## WORK ORDER
A line belongs in the answer only if it contains the word "Locate"; copy every such line from the listing below.

## TASK INPUT
--------------------------------------------------
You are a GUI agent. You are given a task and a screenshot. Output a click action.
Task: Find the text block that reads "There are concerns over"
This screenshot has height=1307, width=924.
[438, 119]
--------------------------------------------------
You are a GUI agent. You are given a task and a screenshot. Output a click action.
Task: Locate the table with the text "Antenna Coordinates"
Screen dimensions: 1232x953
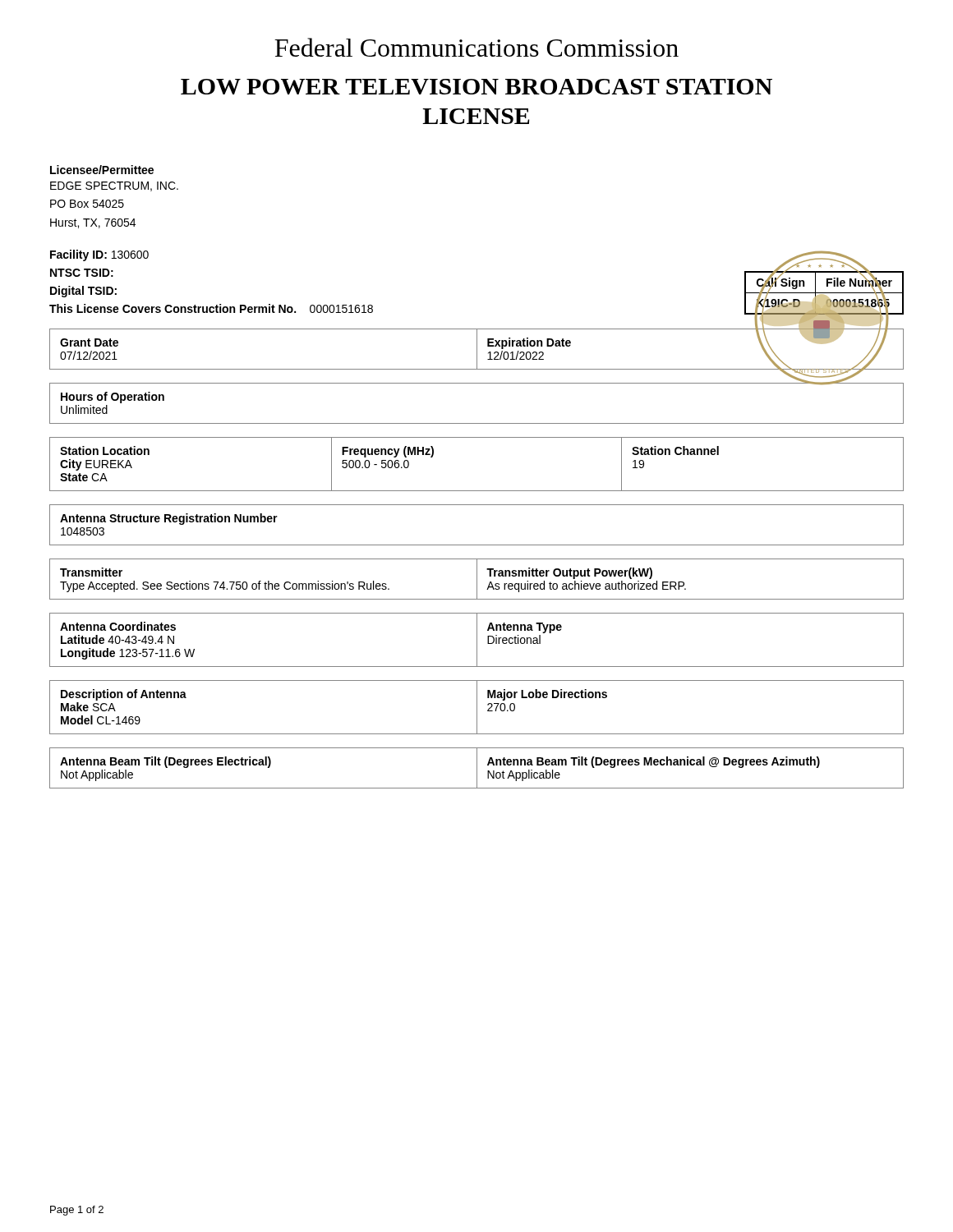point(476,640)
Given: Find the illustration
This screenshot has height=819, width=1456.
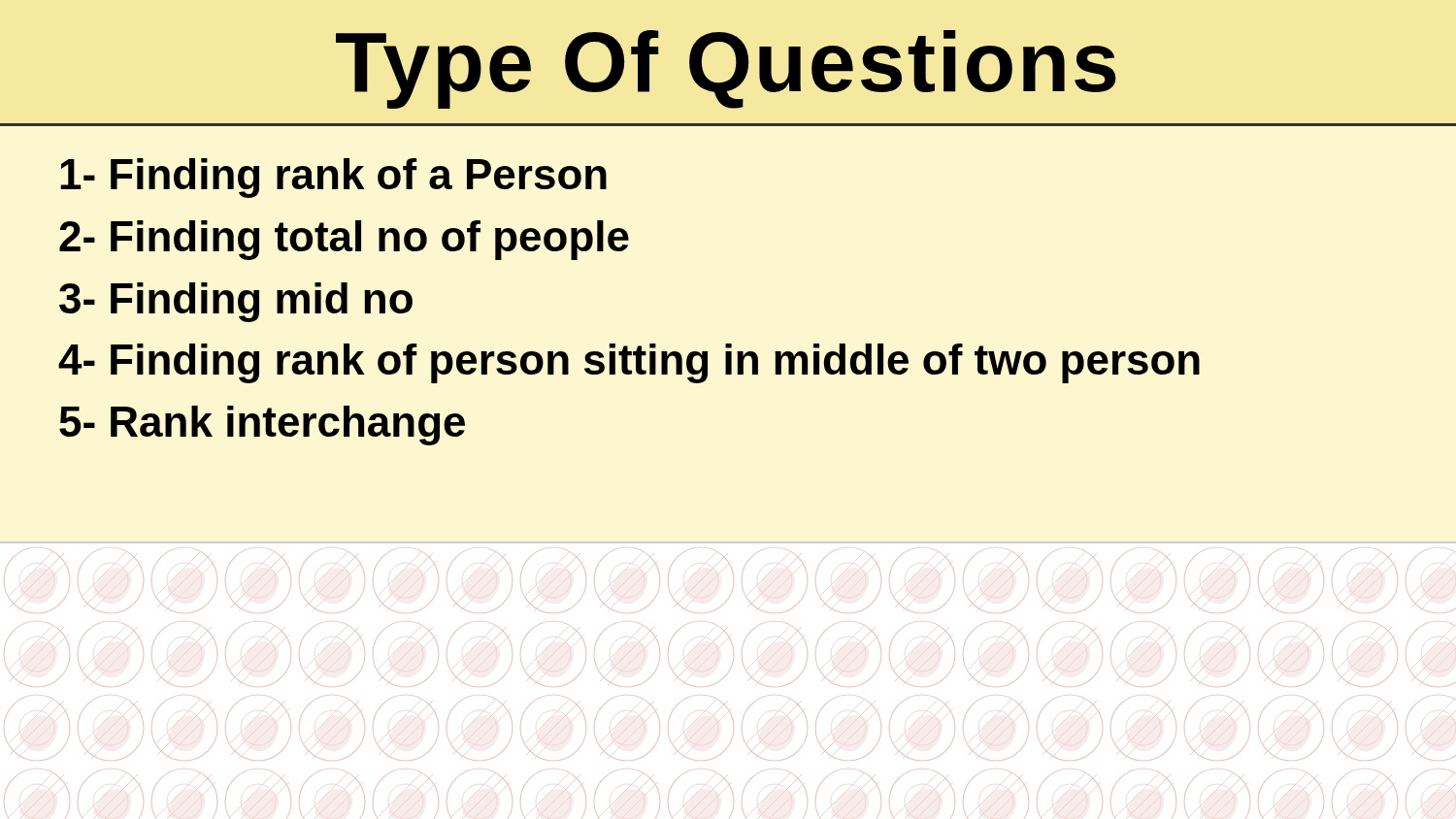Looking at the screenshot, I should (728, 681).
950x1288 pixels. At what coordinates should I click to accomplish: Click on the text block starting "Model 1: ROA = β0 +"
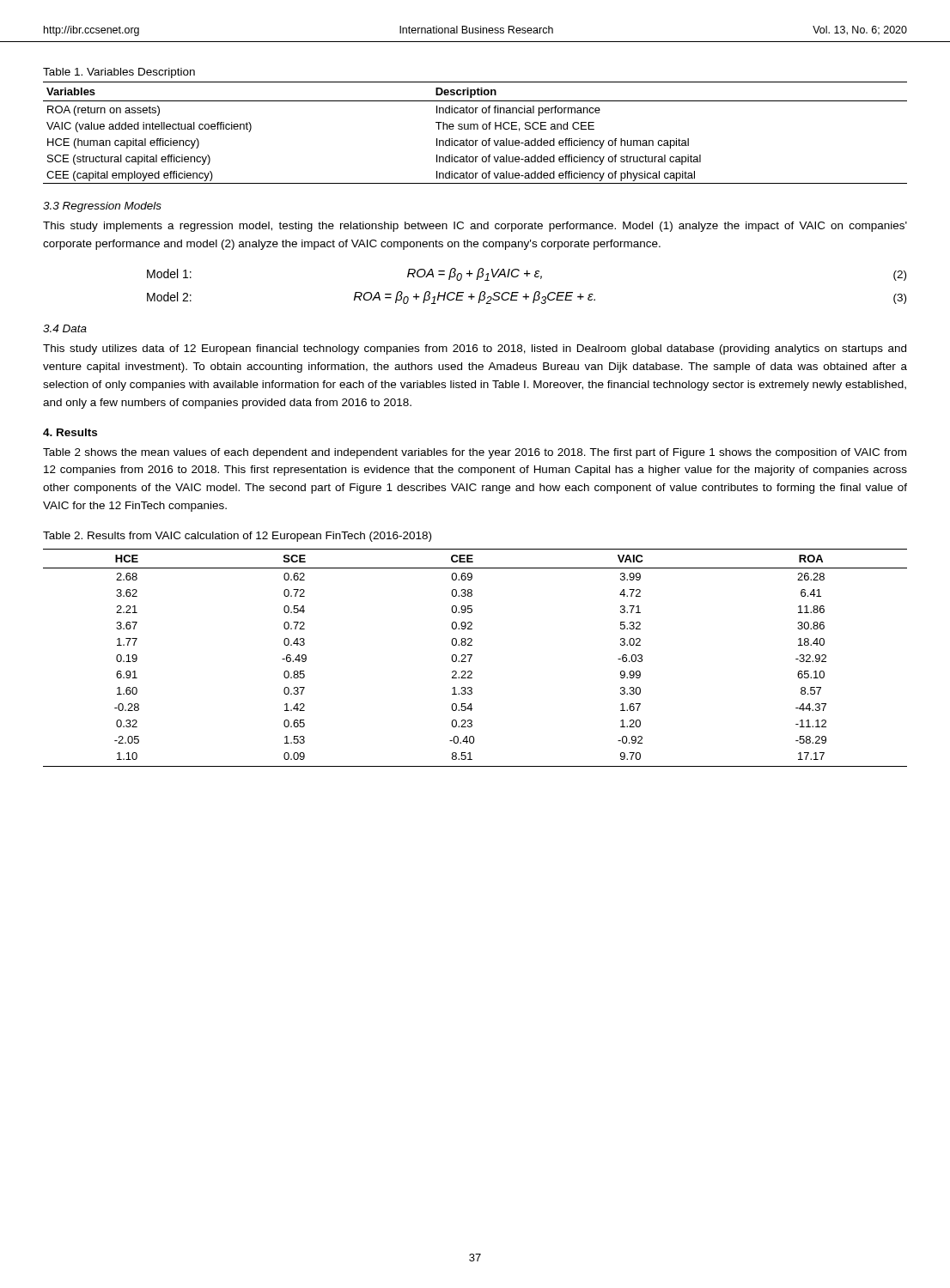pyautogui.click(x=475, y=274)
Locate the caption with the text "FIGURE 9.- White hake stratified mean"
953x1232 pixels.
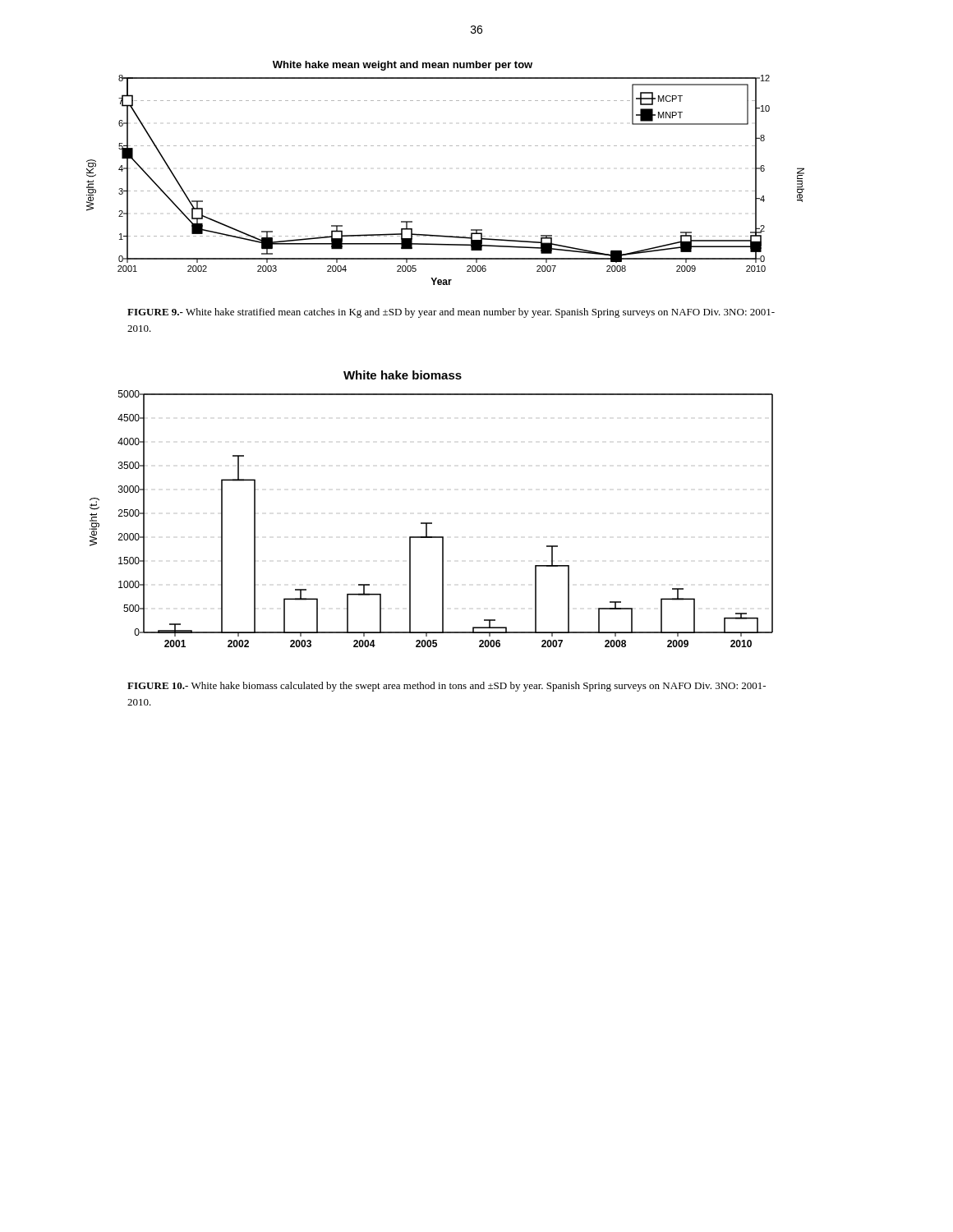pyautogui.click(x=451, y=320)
--------------------------------------------------
## WRITTEN REPLY
Task: Locate the table with the text "Antenna Coordinates"
Locate the caption with the text "FIGURE 9.- White hake stratified mean"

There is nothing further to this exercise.